WHAT YOU HAVE TO DO -
Aside from the pictures, the entries should be given again exactly.

INFORMATION PROVIDED -
==========
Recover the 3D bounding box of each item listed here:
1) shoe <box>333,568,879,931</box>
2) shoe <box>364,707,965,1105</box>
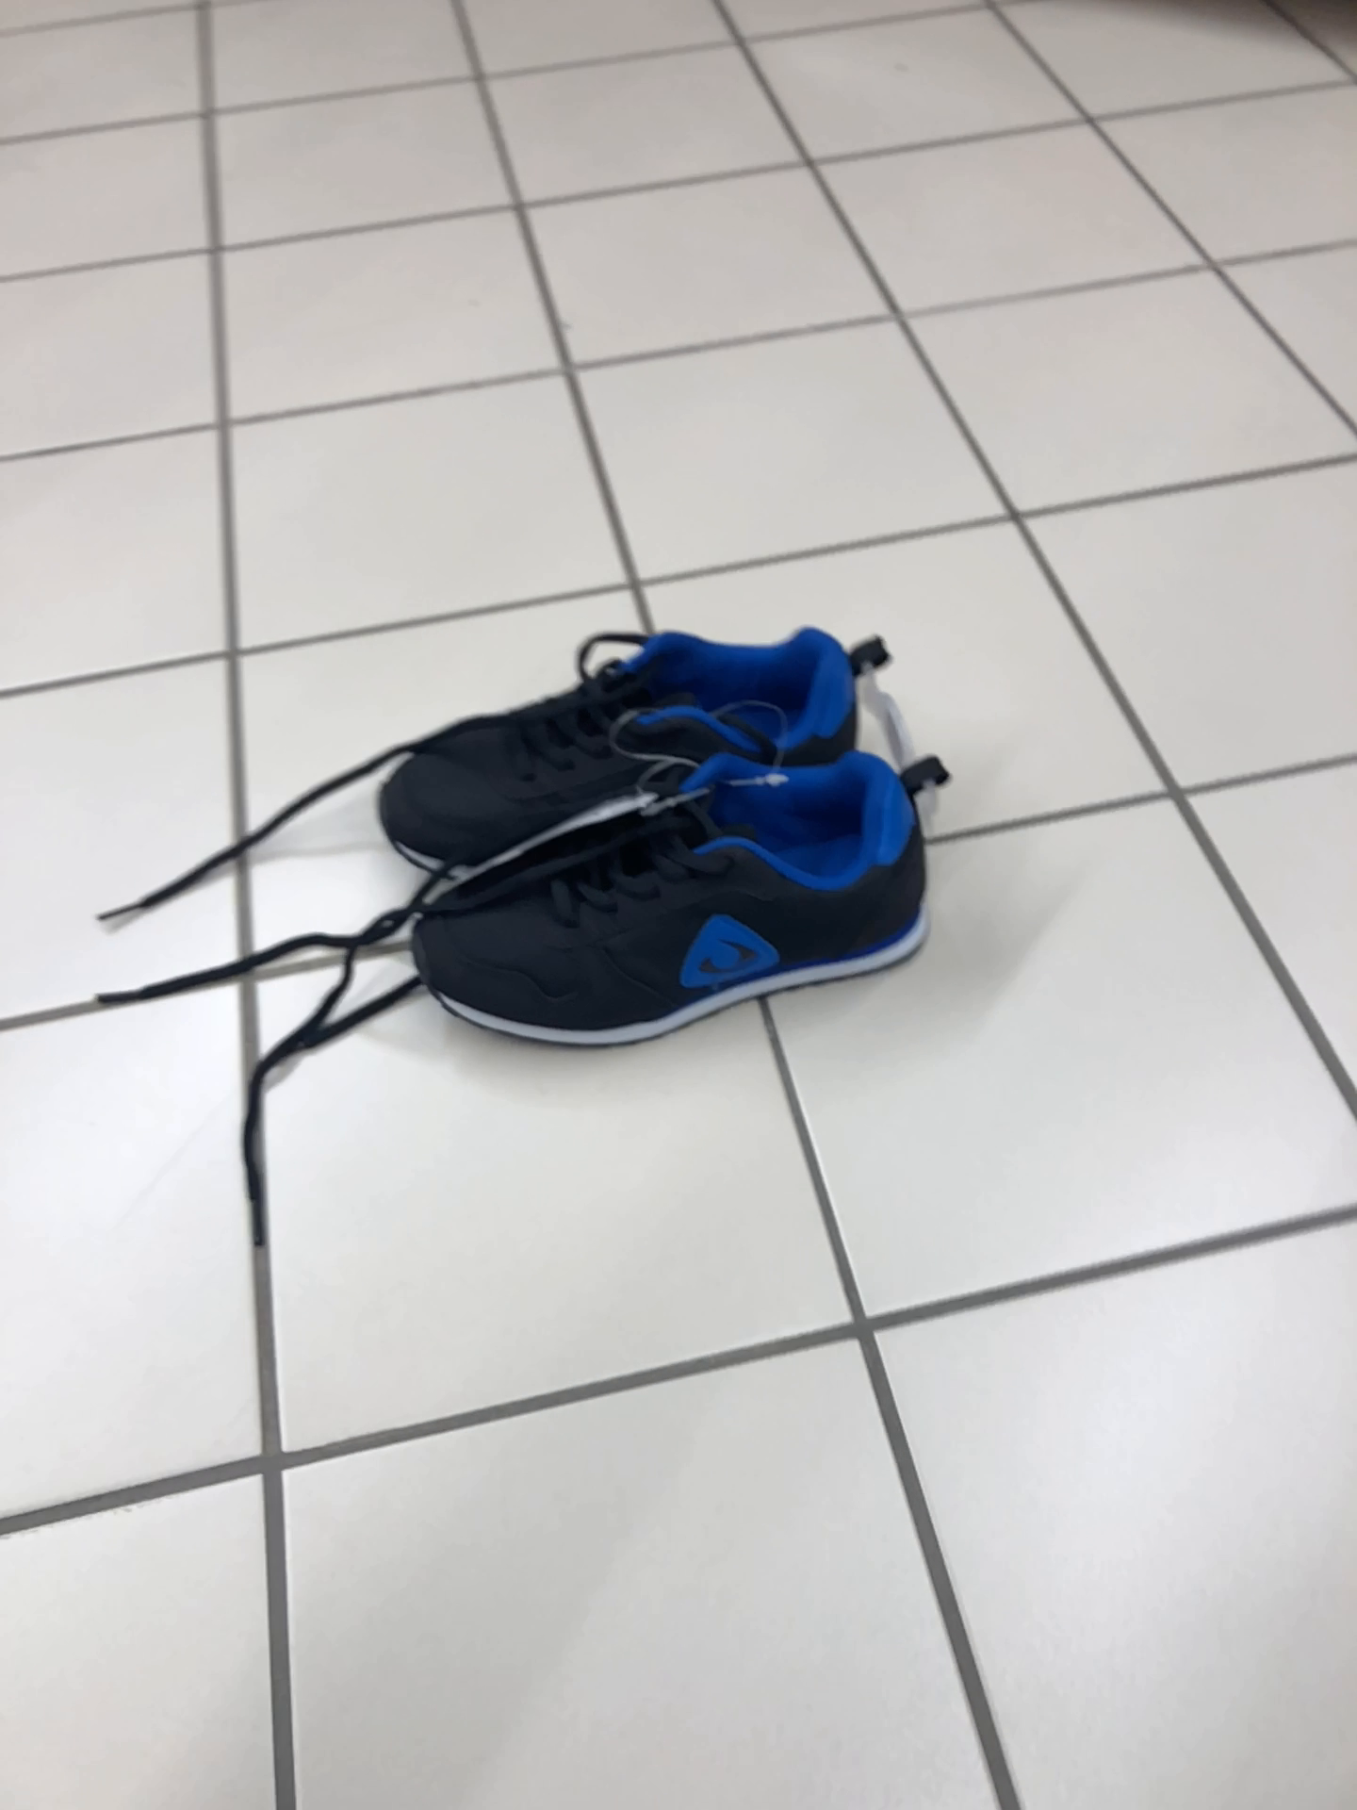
[{"bbox_3d":[-0.029,-0.066,0.630,0.207,0.082,0.076,-13,52,-7],"label":"shoe"},{"bbox_3d":[-0.005,0.000,0.578,0.207,0.082,0.076,-13,52,-7],"label":"shoe"}]
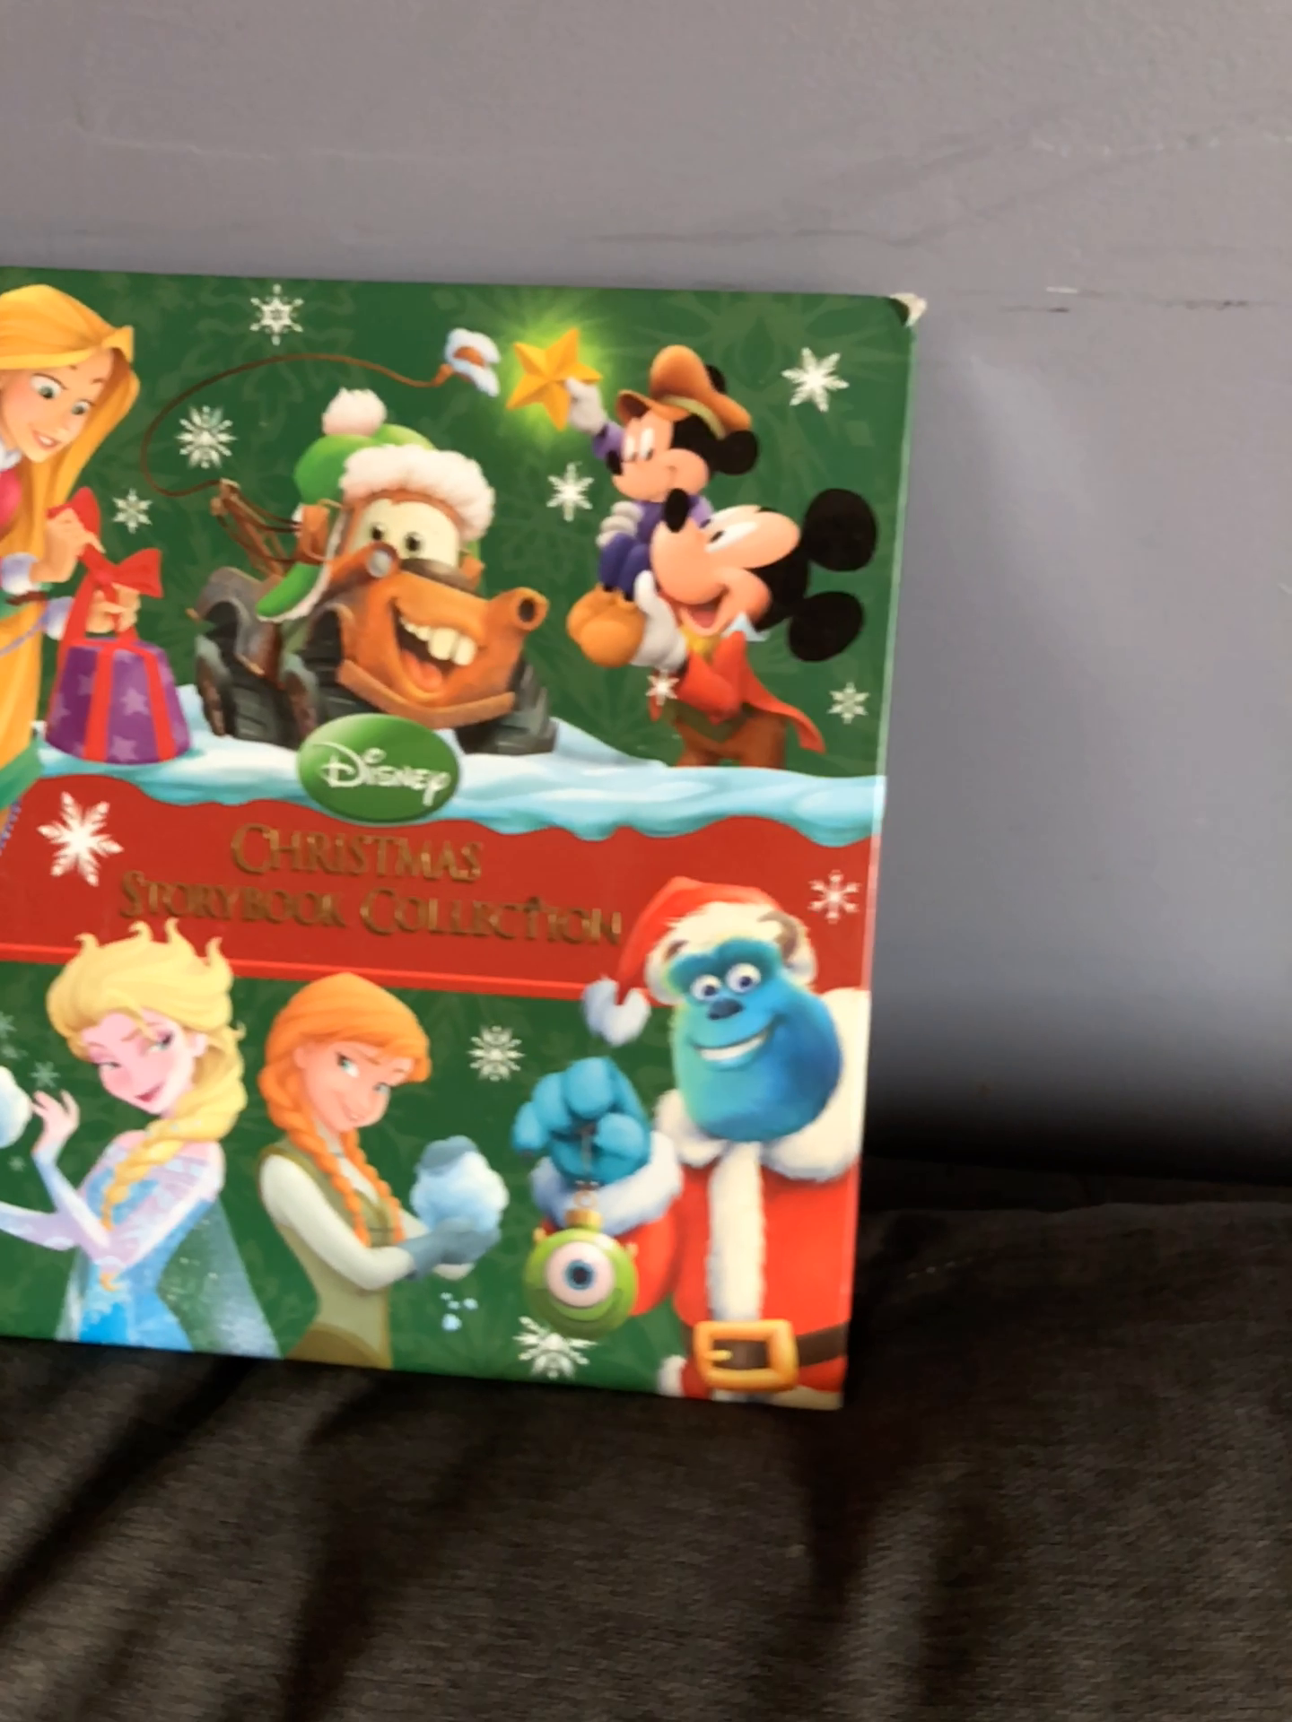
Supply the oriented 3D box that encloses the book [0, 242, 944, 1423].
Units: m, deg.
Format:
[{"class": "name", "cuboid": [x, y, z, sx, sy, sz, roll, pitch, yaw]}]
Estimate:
==========
SOLUTION TO THIS EXERCISE -
Recover the 3D bounding box of each item listed here:
1) shoe <box>333,568,879,931</box>
2) shoe <box>364,707,965,1105</box>
[{"bbox_3d":[-0.029,-0.066,0.630,0.207,0.082,0.076,-13,52,-7],"label":"shoe"},{"bbox_3d":[-0.005,0.000,0.578,0.207,0.082,0.076,-13,52,-7],"label":"shoe"}]
Supply the oriented 3D box that encloses the book [0, 242, 944, 1423].
Units: m, deg.
Format:
[{"class": "name", "cuboid": [x, y, z, sx, sy, sz, roll, pitch, yaw]}]
Estimate:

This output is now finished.